Microorganisms of genus Trichoderma as phytohormone promoters and pathogen suppressors





Alternaria, Fusarium, Helminthosporium, plant growth regulators


Chemical products applied indiscriminately in agriculture have caused serious imbalances to the environment; thus, there is a need to use sustainable tools such as bioinoculants. Five strains of Trichoderma spp. were evaluated as producers of organic acids, auxins and gibberellins, as well as the radial growth inhibition percentage (RGIP) and its antagonistic capacity against plant pathogens such as Fusarium oxysporum, Alternaria spp. and Helminthosporium spp. Results showed that all strains segregated organic acids and the maximum production was attained at 72 hours; TJ7 (143.46 mm), TJ3 (138.07 mm), TM (130.71 mm), TB (126.88 mm) and TF (109.48 mm). All of them synthetized auxins and gibberellins.
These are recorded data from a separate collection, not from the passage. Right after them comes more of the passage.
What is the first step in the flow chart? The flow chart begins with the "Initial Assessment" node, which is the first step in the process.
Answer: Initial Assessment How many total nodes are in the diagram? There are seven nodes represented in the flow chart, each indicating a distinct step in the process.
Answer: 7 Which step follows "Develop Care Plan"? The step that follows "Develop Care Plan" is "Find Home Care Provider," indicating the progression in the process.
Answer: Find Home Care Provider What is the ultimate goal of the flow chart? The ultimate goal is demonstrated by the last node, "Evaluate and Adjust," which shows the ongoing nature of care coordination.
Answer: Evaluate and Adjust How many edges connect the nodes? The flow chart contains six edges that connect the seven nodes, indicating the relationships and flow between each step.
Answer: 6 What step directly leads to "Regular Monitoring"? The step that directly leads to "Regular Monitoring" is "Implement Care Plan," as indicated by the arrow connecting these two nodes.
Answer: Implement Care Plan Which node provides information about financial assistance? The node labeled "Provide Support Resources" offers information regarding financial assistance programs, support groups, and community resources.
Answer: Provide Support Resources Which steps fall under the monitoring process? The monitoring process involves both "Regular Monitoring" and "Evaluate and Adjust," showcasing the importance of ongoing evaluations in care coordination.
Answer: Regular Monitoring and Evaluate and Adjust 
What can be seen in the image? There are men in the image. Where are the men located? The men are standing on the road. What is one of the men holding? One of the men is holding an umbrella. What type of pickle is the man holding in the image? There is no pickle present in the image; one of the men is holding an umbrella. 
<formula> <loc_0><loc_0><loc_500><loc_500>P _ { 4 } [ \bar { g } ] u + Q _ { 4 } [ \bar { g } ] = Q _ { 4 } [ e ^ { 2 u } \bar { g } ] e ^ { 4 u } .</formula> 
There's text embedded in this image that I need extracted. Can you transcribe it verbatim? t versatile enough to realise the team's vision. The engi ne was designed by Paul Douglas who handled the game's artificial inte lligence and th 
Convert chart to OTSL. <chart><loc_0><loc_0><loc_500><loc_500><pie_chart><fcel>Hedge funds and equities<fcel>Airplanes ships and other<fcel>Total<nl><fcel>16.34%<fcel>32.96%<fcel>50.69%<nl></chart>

TF showed a higher production of the first ones (35.3 μg∙mL-1), and no statistical differences were found on the second ones (P≥0.05). The highest value of RGIP against Fusarium oxysporum was obtained on TB (83.3 %) and TJ3 (81.5 %), all descending values against Alternaria spp, were in the following order: TB (87.7 %), TJ3 (87.6 %), TJ7 (87.2 %), TF (87.0 %) and TM (86.7 %) while TJ3 reached the highest value (76.6 %) against Helminthosporium spp. The evaluated strains showed class 1 and 2 of antagonistic capacity against plant pathogens (values 1.0 to 2.0) according to the scale of Bell et al. (1982), showing that they have the potential to be tested under greenhouse or open field conditions as biological control agents and/or plant growth promoters, their combination could play a promising role as a biotechnological product and a sustainable tool in agricultural areas of Northern Mexico.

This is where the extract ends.